DESCRIPTION OF THE TASK
Print the line containing "Please annotate the car at [451, 260, 477, 284]" and every line after it exactly as written, through the end of the records.

Stored entries

= = = =

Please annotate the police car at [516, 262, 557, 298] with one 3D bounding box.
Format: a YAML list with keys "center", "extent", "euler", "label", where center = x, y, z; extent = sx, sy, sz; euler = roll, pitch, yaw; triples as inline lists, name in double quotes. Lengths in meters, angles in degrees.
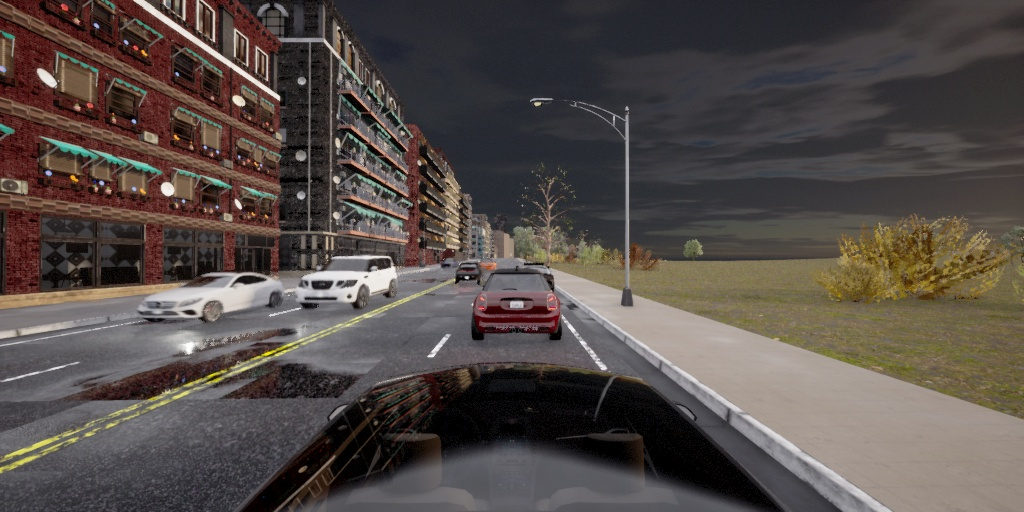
- center: [1.177, 1.177, 19.592]
  extent: [1.930, 1.638, 5.238]
  euler: [0, 0, 0]
  label: "police car"

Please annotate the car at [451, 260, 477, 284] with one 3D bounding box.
- center: [-3.092, 1.255, 27.080]
  extent: [1.837, 1.490, 4.892]
  euler: [0, -1, 0]
  label: "car"

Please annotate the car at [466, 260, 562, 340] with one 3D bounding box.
- center: [0.114, 1.103, 10.096]
  extent: [2.097, 1.767, 4.553]
  euler: [0, 0, 0]
  label: "car"

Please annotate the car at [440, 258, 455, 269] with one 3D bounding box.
- center: [-9.715, 1.103, 55.515]
  extent: [2.097, 1.767, 4.553]
  euler: [0, 0, 0]
  label: "car"

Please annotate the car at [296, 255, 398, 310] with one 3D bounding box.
- center: [-6.571, 0.973, 15.058]
  extent: [2.150, 2.045, 5.566]
  euler: [0, 0, 0]
  label: "car"

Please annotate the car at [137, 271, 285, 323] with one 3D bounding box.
- center: [-9.826, 1.277, 12.275]
  extent: [1.812, 1.442, 4.674]
  euler: [0, 0, 0]
  label: "car"

= = = =

ANSWER BOX
Please annotate the car at [451, 260, 477, 284] with one 3D bounding box.
- center: [-3.092, 1.255, 27.080]
  extent: [1.837, 1.490, 4.892]
  euler: [0, -1, 0]
  label: "car"

Please annotate the car at [466, 260, 562, 340] with one 3D bounding box.
- center: [0.114, 1.103, 10.096]
  extent: [2.097, 1.767, 4.553]
  euler: [0, 0, 0]
  label: "car"

Please annotate the car at [440, 258, 455, 269] with one 3D bounding box.
- center: [-9.715, 1.103, 55.515]
  extent: [2.097, 1.767, 4.553]
  euler: [0, 0, 0]
  label: "car"

Please annotate the car at [296, 255, 398, 310] with one 3D bounding box.
- center: [-6.571, 0.973, 15.058]
  extent: [2.150, 2.045, 5.566]
  euler: [0, 0, 0]
  label: "car"

Please annotate the car at [137, 271, 285, 323] with one 3D bounding box.
- center: [-9.826, 1.277, 12.275]
  extent: [1.812, 1.442, 4.674]
  euler: [0, 0, 0]
  label: "car"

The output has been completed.